1. Convert Python list into a NumPy array (matrix)
1.1. my_matrix = [[1,2,3],[4,5,6],[7,8,9]]
1.2. np.array(my_matrix)
1.2.1. returns
1.2.1.1. array([[1, 2, 3], [4, 5, 6], [7, 8, 9]])
1.3. Converting a Python list of lists into a NumPy array produces a matrix
2. Generate a vector using arange()
2.1. Same idea as the regular Python range() function
2.2. np.arange(0,10)
2.2.1. returns
2.2.1.1. array([0, 1, 2, 3, 4, 5, 6, 7, 8, 9])
2.3. np.arange(0,11,2)
2.3.1. returns
2.3.1.1. array([ 0, 2, 4, 6, 8, 10])
2.3.2. 3rd parameter represents steps within range
2.3.2.1. Step defaults to 1 if omitted
3. Generate a vector or matrix using zeros()
3.1. np.zeros(3)
3.1.1. returns
3.1.1.1. array([0., 0., 0.])
3.2. np.zeros((5,5))
3.2.1. returns
3.2.1.1. array([[0., 0., 0., 0., 0.], [0., 0., 0., 0., 0.], [0., 0., 0., 0., 0.], [0., 0., 0., 0., 0.], [0., 0., 0., 0., 0.]])
4. Generate a vector or matrix using ones()
4.1. np.ones(3)
4.1.1. returns
4.1.1.1. array([1., 1., 1.])
4.2. np.ones((3,3))
4.2.1. returns
4.2.1.1. array([[1., 1., 1.], [1., 1., 1.], [1., 1., 1.]])
5. Generate a vector using linspace()
5.1. Generates vector of x evenly spaced real numbers
5.2. np.linspace(0,10,5)
5.2.1. returns
5.2.1.1. array([ 0. , 2.5, 5. , 7.5, 10. ])
5.3. np.linspace(0,10,30)
5.3.1. returns
5.3.1.1. array([ 0. , 0.34482759, 0.68965517, 1.03448276, 1.37931034, 1.72413793, 2.06896552, 2.4137931 , 2.75862069, 3.10344828, 3.44827586, 3.79310345, 4.13793103, 4.48275862, 4.82758621, 5.17241379, 5.51724138, 5.86206897, 6.20689655, 6.55172414, 6.89655172, 7.24137931, 7.5862069 , 7.93103448, 8.27586207, 8.62068966, 8.96551724, 9.31034483, 9.65517241, 10. ])
6. Generate a vector or array of random numbers
6.1. There are many functions available in the numpy.random module
6.2. numpy.random.rand()
6.2.1. Generates random real numbers (between 0 and 1) sampled from a uniform distribution
6.2.2. np.random.rand(2)
6.2.2.1. returns (example, as values will vary every time)
6.2.2.1.1. array([0.12951961, 0.68036502])
6.2.3. np.random.rand(5,5)
6.2.3.1. returns (example, as values will vary every time)

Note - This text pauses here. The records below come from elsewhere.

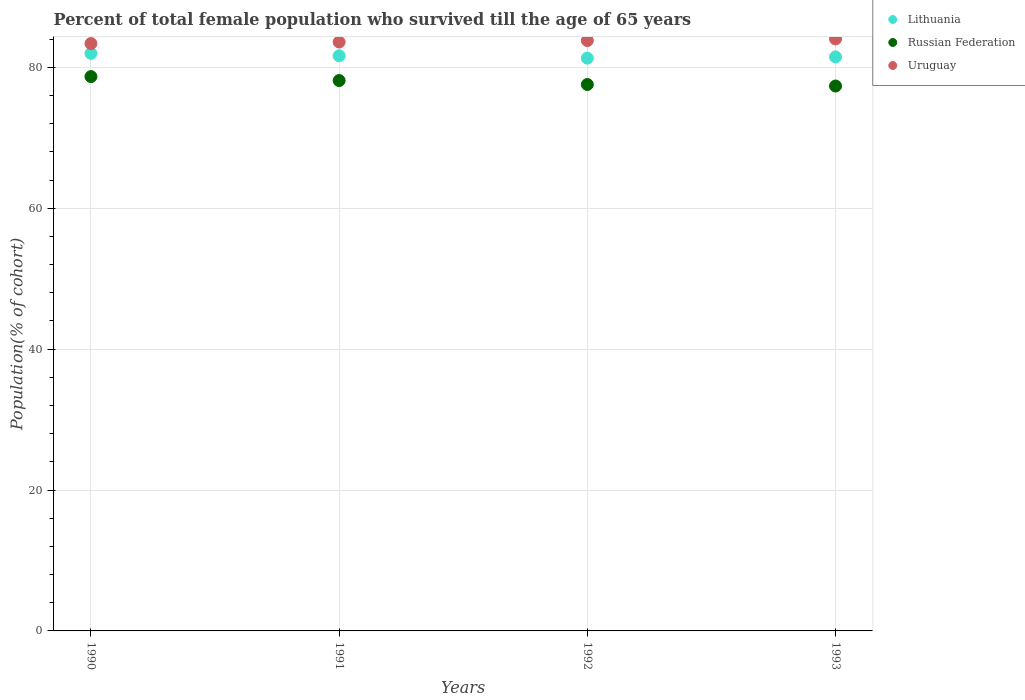What is the percentage of total female population who survived till the age of 65 years in Lithuania in 1993?
Offer a very short reply. 81.47. Across all years, what is the maximum percentage of total female population who survived till the age of 65 years in Russian Federation?
Offer a terse response. 78.68. Across all years, what is the minimum percentage of total female population who survived till the age of 65 years in Lithuania?
Ensure brevity in your answer.  81.3. What is the total percentage of total female population who survived till the age of 65 years in Russian Federation in the graph?
Provide a short and direct response. 311.69. What is the difference between the percentage of total female population who survived till the age of 65 years in Lithuania in 1990 and that in 1992?
Make the answer very short. 0.67. What is the difference between the percentage of total female population who survived till the age of 65 years in Lithuania in 1991 and the percentage of total female population who survived till the age of 65 years in Russian Federation in 1992?
Keep it short and to the point. 4.08. What is the average percentage of total female population who survived till the age of 65 years in Russian Federation per year?
Your answer should be very brief. 77.92. In the year 1992, what is the difference between the percentage of total female population who survived till the age of 65 years in Uruguay and percentage of total female population who survived till the age of 65 years in Russian Federation?
Provide a short and direct response. 6.24. What is the ratio of the percentage of total female population who survived till the age of 65 years in Russian Federation in 1990 to that in 1992?
Give a very brief answer. 1.01. Is the percentage of total female population who survived till the age of 65 years in Uruguay in 1991 less than that in 1992?
Keep it short and to the point. Yes. Is the difference between the percentage of total female population who survived till the age of 65 years in Uruguay in 1990 and 1991 greater than the difference between the percentage of total female population who survived till the age of 65 years in Russian Federation in 1990 and 1991?
Provide a succinct answer. No. What is the difference between the highest and the second highest percentage of total female population who survived till the age of 65 years in Russian Federation?
Offer a terse response. 0.56. What is the difference between the highest and the lowest percentage of total female population who survived till the age of 65 years in Russian Federation?
Keep it short and to the point. 1.34. Is it the case that in every year, the sum of the percentage of total female population who survived till the age of 65 years in Russian Federation and percentage of total female population who survived till the age of 65 years in Uruguay  is greater than the percentage of total female population who survived till the age of 65 years in Lithuania?
Give a very brief answer. Yes. Does the percentage of total female population who survived till the age of 65 years in Lithuania monotonically increase over the years?
Your response must be concise. No. Is the percentage of total female population who survived till the age of 65 years in Uruguay strictly less than the percentage of total female population who survived till the age of 65 years in Russian Federation over the years?
Offer a very short reply. No. How many years are there in the graph?
Give a very brief answer. 4. What is the difference between two consecutive major ticks on the Y-axis?
Offer a terse response. 20. Does the graph contain grids?
Offer a terse response. Yes. How are the legend labels stacked?
Offer a very short reply. Vertical. What is the title of the graph?
Ensure brevity in your answer.  Percent of total female population who survived till the age of 65 years. What is the label or title of the Y-axis?
Your response must be concise. Population(% of cohort). What is the Population(% of cohort) in Lithuania in 1990?
Give a very brief answer. 81.97. What is the Population(% of cohort) of Russian Federation in 1990?
Make the answer very short. 78.68. What is the Population(% of cohort) of Uruguay in 1990?
Provide a short and direct response. 83.37. What is the Population(% of cohort) of Lithuania in 1991?
Make the answer very short. 81.63. What is the Population(% of cohort) of Russian Federation in 1991?
Make the answer very short. 78.12. What is the Population(% of cohort) in Uruguay in 1991?
Make the answer very short. 83.58. What is the Population(% of cohort) in Lithuania in 1992?
Your answer should be very brief. 81.3. What is the Population(% of cohort) in Russian Federation in 1992?
Keep it short and to the point. 77.56. What is the Population(% of cohort) of Uruguay in 1992?
Provide a short and direct response. 83.8. What is the Population(% of cohort) in Lithuania in 1993?
Offer a very short reply. 81.47. What is the Population(% of cohort) of Russian Federation in 1993?
Offer a terse response. 77.34. What is the Population(% of cohort) in Uruguay in 1993?
Your answer should be very brief. 84.02. Across all years, what is the maximum Population(% of cohort) in Lithuania?
Offer a very short reply. 81.97. Across all years, what is the maximum Population(% of cohort) of Russian Federation?
Ensure brevity in your answer.  78.68. Across all years, what is the maximum Population(% of cohort) of Uruguay?
Provide a short and direct response. 84.02. Across all years, what is the minimum Population(% of cohort) of Lithuania?
Your answer should be very brief. 81.3. Across all years, what is the minimum Population(% of cohort) in Russian Federation?
Ensure brevity in your answer.  77.34. Across all years, what is the minimum Population(% of cohort) in Uruguay?
Keep it short and to the point. 83.37. What is the total Population(% of cohort) of Lithuania in the graph?
Your answer should be compact. 326.37. What is the total Population(% of cohort) of Russian Federation in the graph?
Keep it short and to the point. 311.69. What is the total Population(% of cohort) in Uruguay in the graph?
Your answer should be compact. 334.77. What is the difference between the Population(% of cohort) of Lithuania in 1990 and that in 1991?
Keep it short and to the point. 0.33. What is the difference between the Population(% of cohort) of Russian Federation in 1990 and that in 1991?
Your answer should be very brief. 0.56. What is the difference between the Population(% of cohort) of Uruguay in 1990 and that in 1991?
Keep it short and to the point. -0.21. What is the difference between the Population(% of cohort) of Lithuania in 1990 and that in 1992?
Your answer should be compact. 0.67. What is the difference between the Population(% of cohort) in Russian Federation in 1990 and that in 1992?
Make the answer very short. 1.12. What is the difference between the Population(% of cohort) in Uruguay in 1990 and that in 1992?
Your response must be concise. -0.42. What is the difference between the Population(% of cohort) in Lithuania in 1990 and that in 1993?
Your answer should be compact. 0.49. What is the difference between the Population(% of cohort) in Russian Federation in 1990 and that in 1993?
Offer a terse response. 1.34. What is the difference between the Population(% of cohort) of Uruguay in 1990 and that in 1993?
Provide a short and direct response. -0.65. What is the difference between the Population(% of cohort) of Lithuania in 1991 and that in 1992?
Provide a succinct answer. 0.33. What is the difference between the Population(% of cohort) of Russian Federation in 1991 and that in 1992?
Your answer should be very brief. 0.56. What is the difference between the Population(% of cohort) in Uruguay in 1991 and that in 1992?
Give a very brief answer. -0.21. What is the difference between the Population(% of cohort) in Lithuania in 1991 and that in 1993?
Offer a very short reply. 0.16. What is the difference between the Population(% of cohort) of Russian Federation in 1991 and that in 1993?
Offer a very short reply. 0.78. What is the difference between the Population(% of cohort) of Uruguay in 1991 and that in 1993?
Provide a succinct answer. -0.44. What is the difference between the Population(% of cohort) in Lithuania in 1992 and that in 1993?
Offer a very short reply. -0.18. What is the difference between the Population(% of cohort) in Russian Federation in 1992 and that in 1993?
Your answer should be compact. 0.22. What is the difference between the Population(% of cohort) in Uruguay in 1992 and that in 1993?
Your answer should be very brief. -0.23. What is the difference between the Population(% of cohort) of Lithuania in 1990 and the Population(% of cohort) of Russian Federation in 1991?
Offer a terse response. 3.85. What is the difference between the Population(% of cohort) in Lithuania in 1990 and the Population(% of cohort) in Uruguay in 1991?
Provide a succinct answer. -1.62. What is the difference between the Population(% of cohort) in Russian Federation in 1990 and the Population(% of cohort) in Uruguay in 1991?
Offer a terse response. -4.9. What is the difference between the Population(% of cohort) of Lithuania in 1990 and the Population(% of cohort) of Russian Federation in 1992?
Your answer should be compact. 4.41. What is the difference between the Population(% of cohort) of Lithuania in 1990 and the Population(% of cohort) of Uruguay in 1992?
Ensure brevity in your answer.  -1.83. What is the difference between the Population(% of cohort) in Russian Federation in 1990 and the Population(% of cohort) in Uruguay in 1992?
Make the answer very short. -5.12. What is the difference between the Population(% of cohort) of Lithuania in 1990 and the Population(% of cohort) of Russian Federation in 1993?
Your answer should be very brief. 4.63. What is the difference between the Population(% of cohort) in Lithuania in 1990 and the Population(% of cohort) in Uruguay in 1993?
Keep it short and to the point. -2.06. What is the difference between the Population(% of cohort) in Russian Federation in 1990 and the Population(% of cohort) in Uruguay in 1993?
Offer a very short reply. -5.34. What is the difference between the Population(% of cohort) in Lithuania in 1991 and the Population(% of cohort) in Russian Federation in 1992?
Keep it short and to the point. 4.08. What is the difference between the Population(% of cohort) in Lithuania in 1991 and the Population(% of cohort) in Uruguay in 1992?
Keep it short and to the point. -2.16. What is the difference between the Population(% of cohort) in Russian Federation in 1991 and the Population(% of cohort) in Uruguay in 1992?
Give a very brief answer. -5.68. What is the difference between the Population(% of cohort) in Lithuania in 1991 and the Population(% of cohort) in Russian Federation in 1993?
Provide a short and direct response. 4.29. What is the difference between the Population(% of cohort) of Lithuania in 1991 and the Population(% of cohort) of Uruguay in 1993?
Provide a short and direct response. -2.39. What is the difference between the Population(% of cohort) in Russian Federation in 1991 and the Population(% of cohort) in Uruguay in 1993?
Make the answer very short. -5.91. What is the difference between the Population(% of cohort) of Lithuania in 1992 and the Population(% of cohort) of Russian Federation in 1993?
Your answer should be very brief. 3.96. What is the difference between the Population(% of cohort) of Lithuania in 1992 and the Population(% of cohort) of Uruguay in 1993?
Provide a succinct answer. -2.73. What is the difference between the Population(% of cohort) in Russian Federation in 1992 and the Population(% of cohort) in Uruguay in 1993?
Provide a succinct answer. -6.47. What is the average Population(% of cohort) in Lithuania per year?
Your answer should be very brief. 81.59. What is the average Population(% of cohort) in Russian Federation per year?
Make the answer very short. 77.92. What is the average Population(% of cohort) of Uruguay per year?
Your response must be concise. 83.69. In the year 1990, what is the difference between the Population(% of cohort) in Lithuania and Population(% of cohort) in Russian Federation?
Your answer should be very brief. 3.29. In the year 1990, what is the difference between the Population(% of cohort) of Lithuania and Population(% of cohort) of Uruguay?
Provide a short and direct response. -1.41. In the year 1990, what is the difference between the Population(% of cohort) in Russian Federation and Population(% of cohort) in Uruguay?
Provide a short and direct response. -4.69. In the year 1991, what is the difference between the Population(% of cohort) in Lithuania and Population(% of cohort) in Russian Federation?
Offer a terse response. 3.51. In the year 1991, what is the difference between the Population(% of cohort) in Lithuania and Population(% of cohort) in Uruguay?
Your answer should be very brief. -1.95. In the year 1991, what is the difference between the Population(% of cohort) of Russian Federation and Population(% of cohort) of Uruguay?
Keep it short and to the point. -5.47. In the year 1992, what is the difference between the Population(% of cohort) in Lithuania and Population(% of cohort) in Russian Federation?
Offer a very short reply. 3.74. In the year 1992, what is the difference between the Population(% of cohort) of Lithuania and Population(% of cohort) of Uruguay?
Give a very brief answer. -2.5. In the year 1992, what is the difference between the Population(% of cohort) in Russian Federation and Population(% of cohort) in Uruguay?
Your answer should be compact. -6.24. In the year 1993, what is the difference between the Population(% of cohort) of Lithuania and Population(% of cohort) of Russian Federation?
Make the answer very short. 4.13. In the year 1993, what is the difference between the Population(% of cohort) of Lithuania and Population(% of cohort) of Uruguay?
Your response must be concise. -2.55. In the year 1993, what is the difference between the Population(% of cohort) in Russian Federation and Population(% of cohort) in Uruguay?
Your response must be concise. -6.68. What is the ratio of the Population(% of cohort) of Uruguay in 1990 to that in 1991?
Your answer should be very brief. 1. What is the ratio of the Population(% of cohort) of Lithuania in 1990 to that in 1992?
Provide a succinct answer. 1.01. What is the ratio of the Population(% of cohort) of Russian Federation in 1990 to that in 1992?
Your response must be concise. 1.01. What is the ratio of the Population(% of cohort) of Uruguay in 1990 to that in 1992?
Provide a succinct answer. 0.99. What is the ratio of the Population(% of cohort) in Russian Federation in 1990 to that in 1993?
Keep it short and to the point. 1.02. What is the ratio of the Population(% of cohort) in Uruguay in 1990 to that in 1993?
Ensure brevity in your answer.  0.99. What is the ratio of the Population(% of cohort) of Lithuania in 1991 to that in 1992?
Give a very brief answer. 1. What is the ratio of the Population(% of cohort) in Russian Federation in 1991 to that in 1992?
Your answer should be very brief. 1.01. What is the ratio of the Population(% of cohort) of Uruguay in 1991 to that in 1993?
Give a very brief answer. 0.99. What is the ratio of the Population(% of cohort) in Uruguay in 1992 to that in 1993?
Provide a succinct answer. 1. What is the difference between the highest and the second highest Population(% of cohort) of Lithuania?
Offer a very short reply. 0.33. What is the difference between the highest and the second highest Population(% of cohort) in Russian Federation?
Your answer should be very brief. 0.56. What is the difference between the highest and the second highest Population(% of cohort) in Uruguay?
Your answer should be compact. 0.23. What is the difference between the highest and the lowest Population(% of cohort) of Lithuania?
Your answer should be very brief. 0.67. What is the difference between the highest and the lowest Population(% of cohort) of Russian Federation?
Your answer should be very brief. 1.34. What is the difference between the highest and the lowest Population(% of cohort) of Uruguay?
Provide a short and direct response. 0.65.

6.2.3.1.1. array([[0.53260029, 0.23110178, 0.22437151, 0.32726671, 0.35275669], [0.38391098, 0.57314848, 0.83391491, 0.26184908, 0.44225526], [0.82415001, 0.78749242, 0.2203844 , 0.47017526, 0.67203803], [0.16425649, 0.01922595, 0.29285104, 0.62818089, 0.60613564], [0.07582013, 0.87625715, 0.15295453, 0.93799875, 0.57165435]])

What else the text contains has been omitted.